今さらながらにシャリィは、舞い上がって名前を教えてしまった自分の浅はかさを後悔せずにはいられなかった。
『ベドベダル』という家名は伝えてないので一発アウトではない。
それでも『シャルラリィ』という名前もかなり珍しいものだ。
『ベドベダルの魔女』だと気づかれてしまうのも、時間の問題かもしれない。
初めての恋人を失う危機を認識した瞬間、、、
恋に浮ついていた気持ちは吹き飛び、冷静を通り越して冷めきった心境となるシャリィ。
その天才的な頭脳がフル回転を始め、悪賢く計算を始める。
まずは危険な会話の方向性をコントロールすることにした。
異世界勇者なのか?と尋ねて話を逸らして。
うまく誘導してシンのことを聞き出して。
信じてくれているシンを裏切っていることに、ズキズキと心が痛み出す。
会話を続けながらも、自分の心が凍えきっていくのを感じていた。
だからシンの本体がバンリャガの街にいると聞いて、、、
完全に夢から冷めた気持ちだった。
頭の中では分かっていた。
『ニカンさん』の本体がどこかにあることを。
だけどいつの間にかシャリィは、目の前の『右手』だけを恋人として見つめていたのだ。
その理由も、今なら分かる。
『ニカンさん』の本体と顔を合わせるのが怖かったからだ。
冷静になったことで、今では自分の心理を客観的に見つめることができるようになっていた。

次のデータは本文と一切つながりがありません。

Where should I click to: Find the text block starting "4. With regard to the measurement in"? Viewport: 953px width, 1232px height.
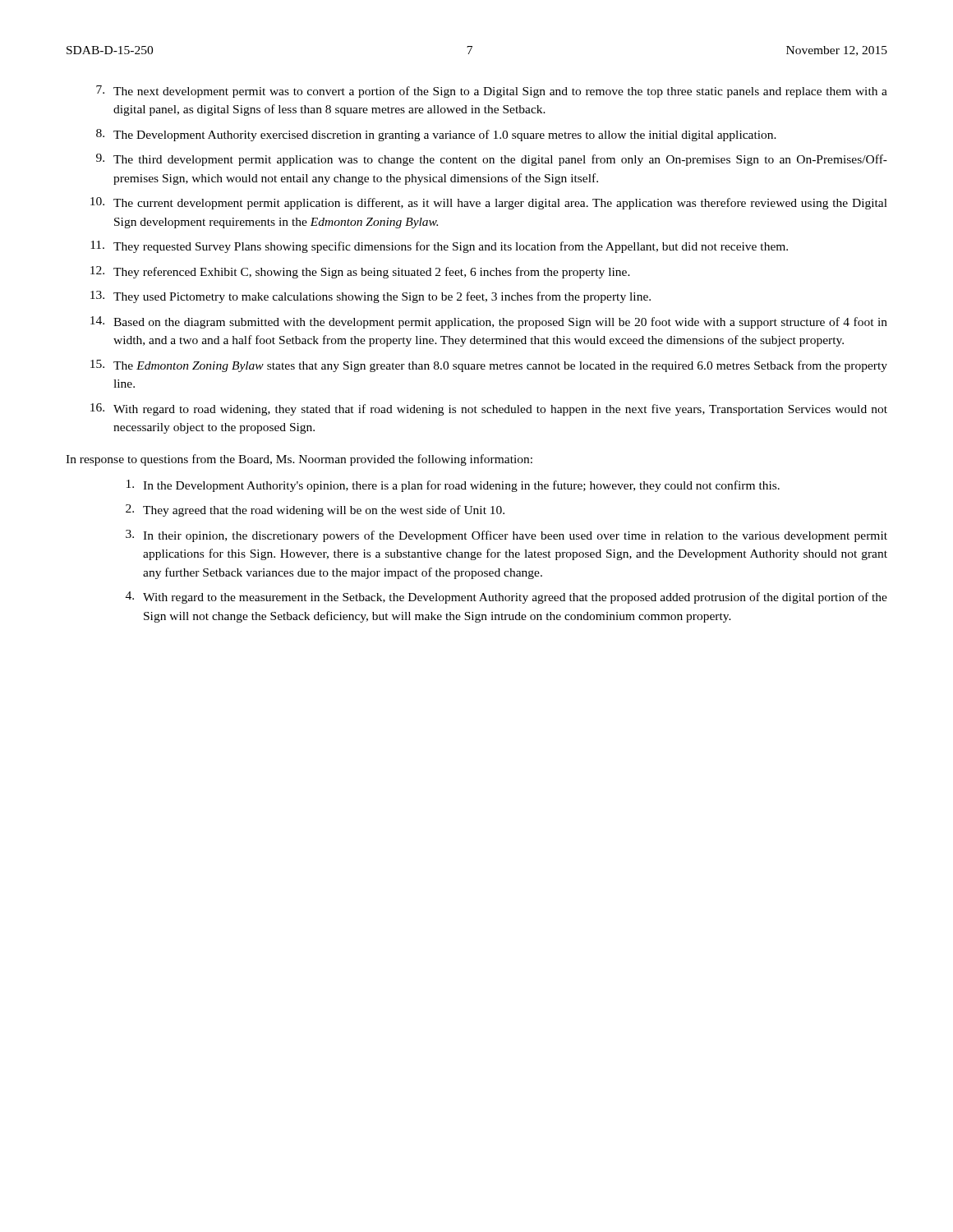pyautogui.click(x=496, y=607)

目の前で『ニカンさん』と顔を合わせることになれば、自分が『ベドベダルと魔女』だと気づかれてしまう。
それはこの愛しい関係が終わることを意味していた。
異世界からやって来た相手なら『ベドベダルの魔女』のことを知らないかもしれないが、だとしても関係ない。
この魔眼を目にした瞬間、怖がられ、拒絶されるに決まっている。
今まで出会った全ての人間がそうだったのだから。
『いつか しゃりぃに あいに いっても いいかな?』
シンからのその言葉に、シャリィは自分の心が凍てついていくのを感じる。
恋人を騙してまでしがみついてはいるものの、、、
シャリィは自分の初恋が終わりを迎えつつあることを悟っていた。